▶ Problem to solve: Return the data below exactly, but only from the line containing "2) hammer [0,0,60,32]" through the line containing "7) shoe [301,198,349,275]", with both of those lines included.

▶ Extracted information:
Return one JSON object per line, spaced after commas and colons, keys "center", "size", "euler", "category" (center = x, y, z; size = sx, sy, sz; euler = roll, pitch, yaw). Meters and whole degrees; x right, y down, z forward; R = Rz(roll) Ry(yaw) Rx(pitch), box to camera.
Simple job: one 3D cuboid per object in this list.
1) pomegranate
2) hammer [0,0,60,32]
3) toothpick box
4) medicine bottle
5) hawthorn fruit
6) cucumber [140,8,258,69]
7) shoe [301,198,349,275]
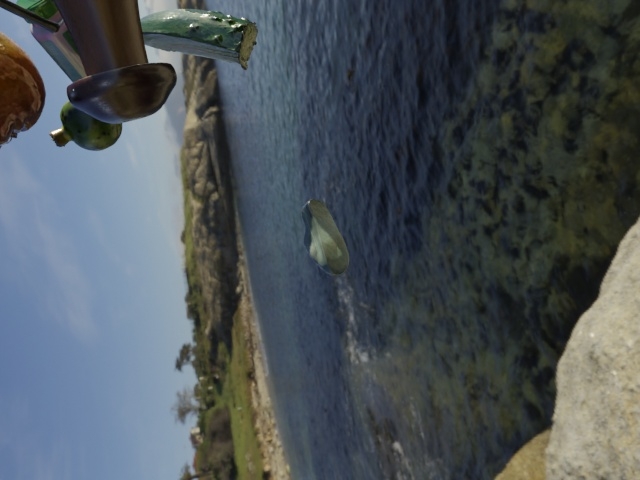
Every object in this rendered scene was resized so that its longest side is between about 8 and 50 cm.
{"center": [-0.550, -0.276, 1.331], "size": [0.122, 0.169, 0.143], "euler": [27, 149, 28], "category": "pomegranate"}
{"center": [-0.650, -0.479, 1.131], "size": [0.246, 0.103, 0.029], "euler": [17, -124, -56], "category": "hammer"}
{"center": [-0.371, -0.358, 0.982], "size": [0.192, 0.192, 0.294], "euler": [-146, 42, -76], "category": "toothpick box"}
{"center": [-0.658, -0.524, 1.465], "size": [0.274, 0.133, 0.133], "euler": [61, -169, -55], "category": "medicine bottle"}
{"center": [-1.103, -0.470, 1.706], "size": [0.472, 0.472, 0.471], "euler": [171, 90, -79], "category": "hawthorn fruit"}
{"center": [-0.320, -0.520, 1.381], "size": [0.105, 0.325, 0.145], "euler": [70, -145, -67], "category": "cucumber"}
{"center": [0.000, 0.000, 1.306], "size": [0.078, 0.079, 0.195], "euler": [-38, 65, 46], "category": "shoe"}
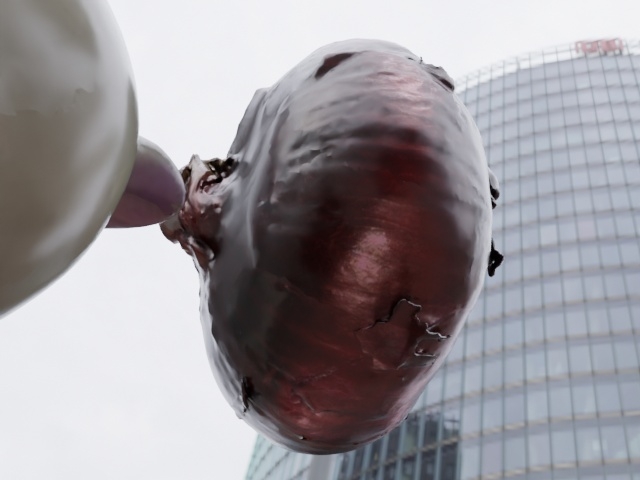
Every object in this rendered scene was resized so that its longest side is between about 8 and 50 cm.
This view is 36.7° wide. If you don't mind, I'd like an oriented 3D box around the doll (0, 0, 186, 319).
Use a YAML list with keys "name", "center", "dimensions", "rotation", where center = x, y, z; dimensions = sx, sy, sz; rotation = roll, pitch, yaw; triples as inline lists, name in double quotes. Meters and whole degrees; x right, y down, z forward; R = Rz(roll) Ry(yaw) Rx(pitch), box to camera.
- name: "doll"
  center: [-0.202, -0.035, 0.313]
  dimensions: [0.226, 0.370, 0.215]
  rotation: [-28, -86, 13]

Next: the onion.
- name: "onion"
  center: [0.000, 0.000, 0.703]
  dimensions: [0.232, 0.314, 0.314]
  rotation: [13, -53, -17]

▶ Task solution:
2) hammer [0,0,60,32]
3) toothpick box
4) medicine bottle
5) hawthorn fruit
6) cucumber [140,8,258,69]
7) shoe [301,198,349,275]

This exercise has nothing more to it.